世の中にはパワーを与えますとかヒーリングしますとかいった代行サービスが山ほどあります。こうしたタイプのサービスをAgent Serviceと定義します。Agent(エージェント)とは、本人に代わって相手のために何かを提供する者です。そしてService(サービス)とは提供することそのものです。
代行サービスにおいて起こしやすい間違いのひとつは、サービスのメニュー化です。多くのエージェントにおいて、サービスの品質を均し、少ない労力で一定の成果を提供するためにメニュー化が行われます。
癒し(Healing)を提供できる者は、その使い方においてより厳密です。誰にでも提供できるような癒しは存在しないのです。それが一体なぜなのかを説明しましょう。

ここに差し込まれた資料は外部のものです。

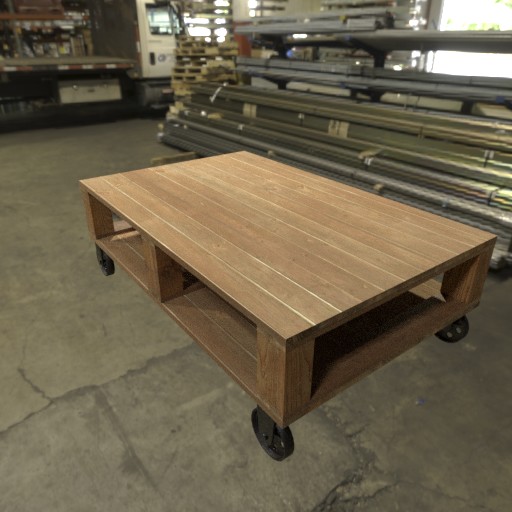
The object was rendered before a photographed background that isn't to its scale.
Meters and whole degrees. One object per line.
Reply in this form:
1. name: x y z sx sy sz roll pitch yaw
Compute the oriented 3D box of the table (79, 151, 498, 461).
1. table: 0.000 0.000 1.656 0.827 0.413 1.299 -19 33 -32
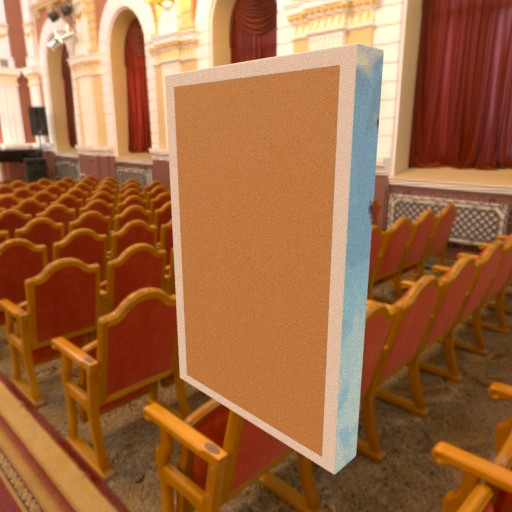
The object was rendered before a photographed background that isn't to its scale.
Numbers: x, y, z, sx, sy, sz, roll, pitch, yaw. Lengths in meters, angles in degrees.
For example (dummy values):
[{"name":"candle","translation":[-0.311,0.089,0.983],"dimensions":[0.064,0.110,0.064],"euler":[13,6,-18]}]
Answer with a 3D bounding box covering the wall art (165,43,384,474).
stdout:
[{"name":"wall art","translation":[0.000,0.000,0.473],"dimensions":[0.251,0.380,0.039],"euler":[15,21,43]}]
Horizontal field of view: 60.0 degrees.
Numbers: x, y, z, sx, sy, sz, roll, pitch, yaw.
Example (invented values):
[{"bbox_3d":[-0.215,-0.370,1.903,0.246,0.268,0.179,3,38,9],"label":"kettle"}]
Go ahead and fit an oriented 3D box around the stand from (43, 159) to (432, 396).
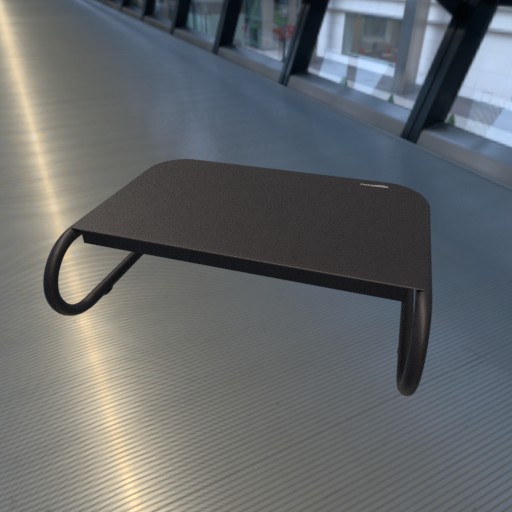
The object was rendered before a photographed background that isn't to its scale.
[{"bbox_3d":[0.000,0.000,0.517,0.370,0.108,0.280,10,35,15],"label":"stand"}]
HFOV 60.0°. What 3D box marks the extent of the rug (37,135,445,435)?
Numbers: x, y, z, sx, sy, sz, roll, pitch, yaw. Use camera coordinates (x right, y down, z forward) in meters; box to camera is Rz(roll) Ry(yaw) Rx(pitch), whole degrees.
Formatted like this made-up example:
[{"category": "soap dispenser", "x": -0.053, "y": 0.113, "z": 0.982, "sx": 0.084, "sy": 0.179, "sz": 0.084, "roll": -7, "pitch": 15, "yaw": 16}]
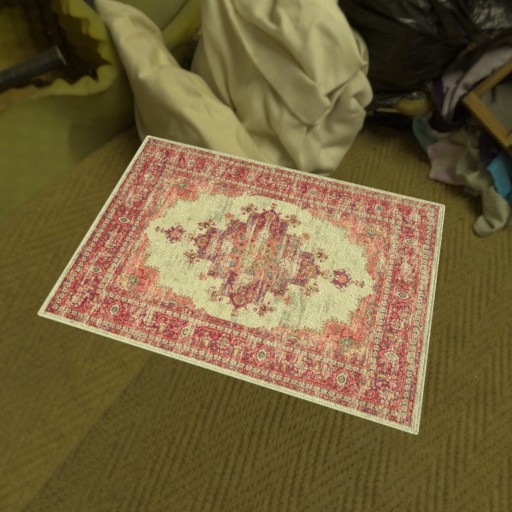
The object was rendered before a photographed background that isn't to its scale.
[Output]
[{"category": "rug", "x": 0.000, "y": 0.000, "z": 2.217, "sx": 1.747, "sy": 0.011, "sz": 1.217, "roll": 15, "pitch": 60, "yaw": 9}]
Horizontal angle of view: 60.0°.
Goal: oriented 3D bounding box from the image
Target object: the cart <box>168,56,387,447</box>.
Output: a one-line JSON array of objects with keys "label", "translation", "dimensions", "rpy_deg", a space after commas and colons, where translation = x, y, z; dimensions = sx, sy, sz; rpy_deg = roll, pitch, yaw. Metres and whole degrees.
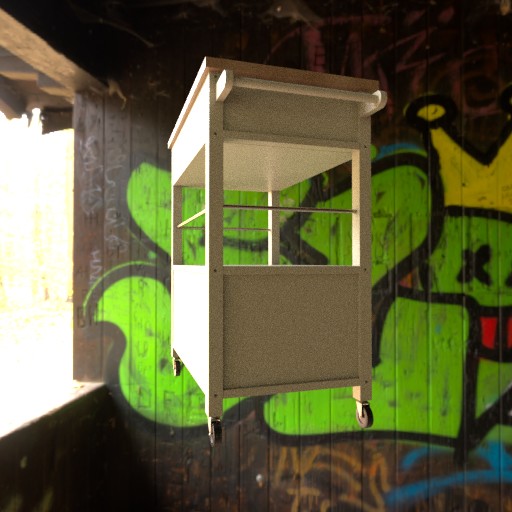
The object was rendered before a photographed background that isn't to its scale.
[{"label": "cart", "translation": [0.000, 0.000, 1.402], "dimensions": [0.459, 0.901, 0.840], "rpy_deg": [0, -1, -18]}]
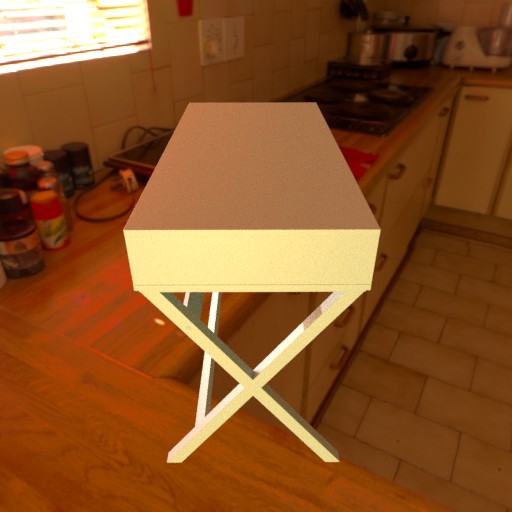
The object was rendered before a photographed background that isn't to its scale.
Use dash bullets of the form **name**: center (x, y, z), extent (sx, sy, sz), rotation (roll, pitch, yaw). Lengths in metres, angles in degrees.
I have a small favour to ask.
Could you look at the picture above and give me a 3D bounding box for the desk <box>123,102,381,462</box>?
- **desk**: center (0.000, 0.000, 1.522), extent (0.525, 0.780, 1.057), rotation (0, 32, 0)
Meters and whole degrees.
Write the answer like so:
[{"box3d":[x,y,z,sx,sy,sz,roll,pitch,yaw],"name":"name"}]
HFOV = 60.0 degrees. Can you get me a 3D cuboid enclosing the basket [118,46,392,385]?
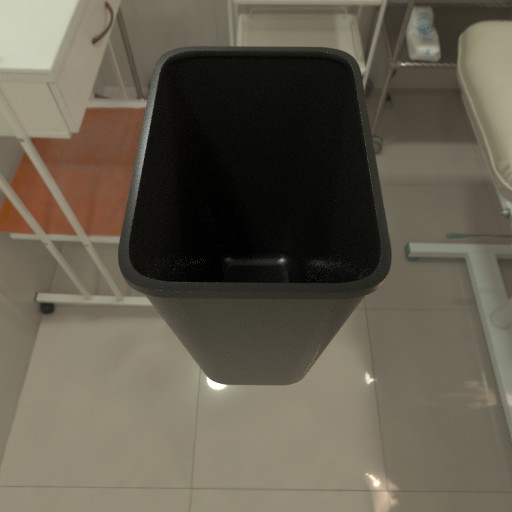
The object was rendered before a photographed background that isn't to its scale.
[{"box3d":[0.000,0.000,0.760,0.287,0.521,0.394,0,59,0],"name":"basket"}]
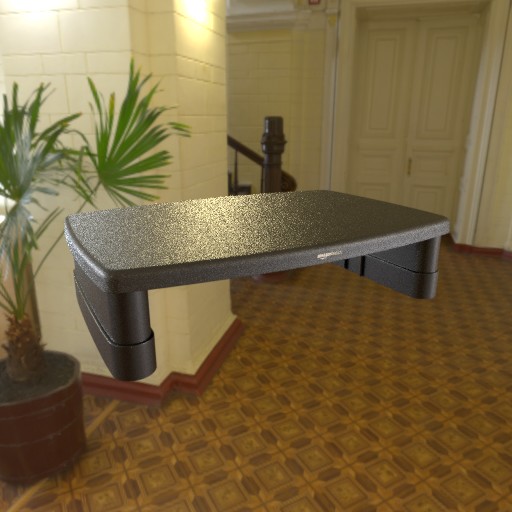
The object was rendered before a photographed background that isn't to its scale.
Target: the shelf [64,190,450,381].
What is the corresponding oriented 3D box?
[{"bbox_3d":[0.000,0.000,0.537,0.410,0.100,0.280,-10,20,-28],"label":"shelf"}]
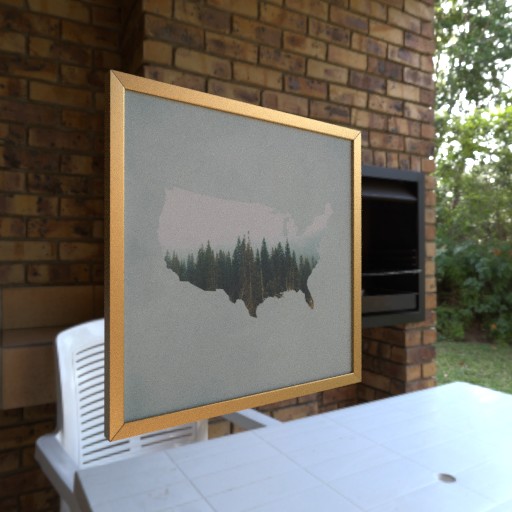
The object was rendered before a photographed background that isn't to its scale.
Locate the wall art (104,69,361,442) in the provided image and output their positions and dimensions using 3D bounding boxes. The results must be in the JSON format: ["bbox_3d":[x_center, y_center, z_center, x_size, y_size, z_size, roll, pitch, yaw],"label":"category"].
[{"bbox_3d":[0.000,0.000,1.143,0.762,0.762,0.038,0,0,-36],"label":"wall art"}]
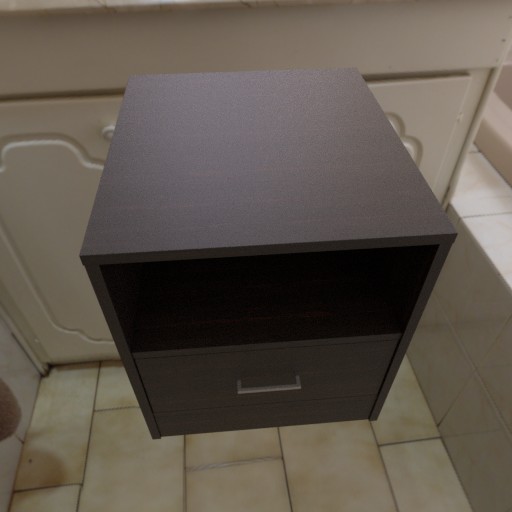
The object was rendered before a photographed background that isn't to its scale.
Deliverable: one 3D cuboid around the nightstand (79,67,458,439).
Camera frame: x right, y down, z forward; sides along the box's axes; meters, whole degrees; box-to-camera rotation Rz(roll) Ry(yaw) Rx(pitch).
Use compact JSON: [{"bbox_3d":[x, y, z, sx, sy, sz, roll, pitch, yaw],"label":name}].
[{"bbox_3d":[0.000,0.000,0.779,0.400,0.460,0.461,-3,45,-3],"label":"nightstand"}]
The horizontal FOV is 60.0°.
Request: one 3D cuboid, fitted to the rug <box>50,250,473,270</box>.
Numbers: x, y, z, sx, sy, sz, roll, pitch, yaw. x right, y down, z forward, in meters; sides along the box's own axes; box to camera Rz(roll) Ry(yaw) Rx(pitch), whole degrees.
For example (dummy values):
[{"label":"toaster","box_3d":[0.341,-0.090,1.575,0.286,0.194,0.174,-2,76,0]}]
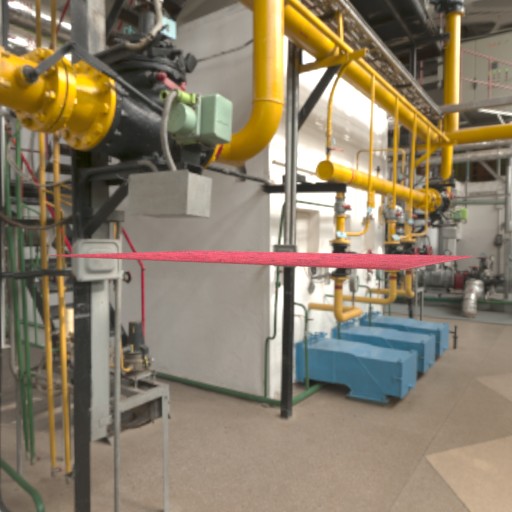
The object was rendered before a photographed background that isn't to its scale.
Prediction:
[{"label":"rug","box_3d":[0.000,0.000,2.999,2.423,0.010,1.534,2,3,35]}]
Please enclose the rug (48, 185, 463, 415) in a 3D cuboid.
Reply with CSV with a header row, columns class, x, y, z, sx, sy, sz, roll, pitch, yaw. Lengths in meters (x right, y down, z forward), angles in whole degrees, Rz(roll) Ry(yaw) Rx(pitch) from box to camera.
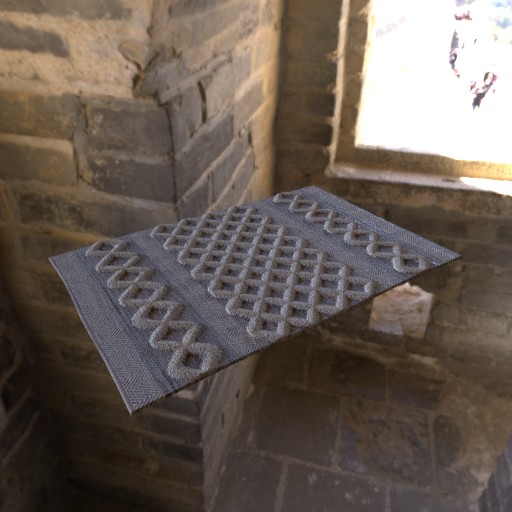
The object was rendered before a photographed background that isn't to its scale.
class,x,y,z,sx,sy,sz,roll,pitch,yaw
rug,0.000,0.000,2.335,1.823,0.030,1.222,-19,36,-29
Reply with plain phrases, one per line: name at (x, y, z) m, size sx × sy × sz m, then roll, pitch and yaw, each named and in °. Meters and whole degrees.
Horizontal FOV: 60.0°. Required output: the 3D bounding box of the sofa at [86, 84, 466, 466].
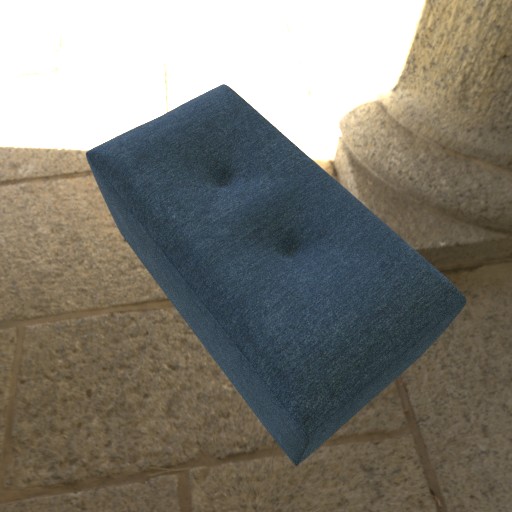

癒しは誰もが必要としていると多くの人が思いがちです。それは一定の条件において正解です。正解の条件は、ひとつの生命として、自己治癒(Self Healing)を行うことです。生命は生まれ落ちたその瞬間から独り立ちをはじめます。例を挙げれば、子が風邪をひいたとしましょう。たとえ母であっても子の風邪を治癒することはできません。医師にも科学者にもできません。そしてシャーマンやヒーラーにもそれはできないのです。
物理的に可能かどうかというと、前述したなかでも本物のヒーラーは治癒の手助けが可能です。職業が医師だろうと住職だろうと事務職だろうと、ヒーラーの資質を持っている人はそれができます。しかしながら問題は、「できるかできないか」の判断基準が「物理的に可能かどうか」だけではないということになります。
たとえば子の風邪を治すという行為にはさまざまな意味がありますが、なかでも大切なのは、子自身が体内において免疫系が風邪の原因となる菌やウイルスと「生き残りを懸けたせめぎ合い」をすることにあります。勝負は相手の絶滅の場合もありますし、寛解や共存による場合もありますが、子の側において最重要なのは、全体の生命システムを脅かす存在を無毒化することにあります。
これからの人生で幾度となく迫りくる生命の脅威をクリアして生き抜いていくための最善は何でしょうか。それは、免疫系を強化することにほかなりません。では、免疫系はどうしたら強化されるのでしょうか。それは脅威を外部から取り除いてやることでは決してなく、自らの免疫系が外部からの脅威とぶつかり合い、生き残ることです。それを繰り返すことによって免疫は強化されます。つまりわたしたちの肉体は、筋力、脳力、生命力すべてにおいて「訓練」を積むことによって強化されるシステムだということです。
生命の脅威を代行サービスによって除去することは、対象の弱体化に加担していることに他なりません。
だからこそわたしたちのような「癒し」が実行可能な存在は、安易に癒しを提供しないのです。それがわかっていないうえで自らをヒーラーだとか癒しの存在だとか自称している者は、本質的な癒しの意味をわかっていないばかりか、ヒーリングの能力も十分に持ち合わせていません。すべては倫理や宇宙の摂理の理解とセットなのです。ただ目の前にある生命の脅威を除去するだけならば、ヒーラーだけでなくとも可能なのです。しかしそれは、中長期的にみて生命の脅威を除去していることにならないということを繰り返し申し上げておきます。
ではヒーラーはなにをもってヒーリングを提供するかしないかを決めたり、なにを対象にしてその力を発揮すべきなのでしょうか。その答えは、「毎回異なる」です。
なので、メニュー化は無意味なのです。ましてや、金銭のやり取りが発生する状況を作ってしまうと、本質的にそのヒーリングを提供すべきか否かを判断する際の障害となりましょう。本当はヒーリングすべきでなくとも、お金をいただいてしまった上でヒーリングをしなかったら、どうなるでしょうか。多くの方はお金をいただいてしまったら、実施する以外の選択ができなくなってしまいます。
ヒーリングを実施する/しないの判断は、ヒーリング行為そのものが物理的に可能かどうかよりも高度です。例えて言うならば、料理に塩を入れるのは素人にも可能ですが、塩をいま入れるべきかどうかの判断のほうがより難しいということです。そして塩を入れるかどうかの判断は単純に料理の味だけの問題ではなく、全体的なバランスだとか、健康だとか、保存だとか、複雑な要素が絡み合います。
高度な技を持つ「癒しの提供者」は、高度な判断が可能ですし、お金をいただくことと癒しを紐づけることもありません。そもそも「そこにある鍋に、そこにある塩を入れる」だけの行為に、お金をいただくことの意味がわかりません。また、たとえお金をいただいた上で相手に癒しを望まれたとしても、それが適切ではないと判断すれば、相手に納得してもらいながらそれを提供しないことも可能です。なぜヒーリングしないほうがよいのか、状況に応じて適切な説明が可能だからです。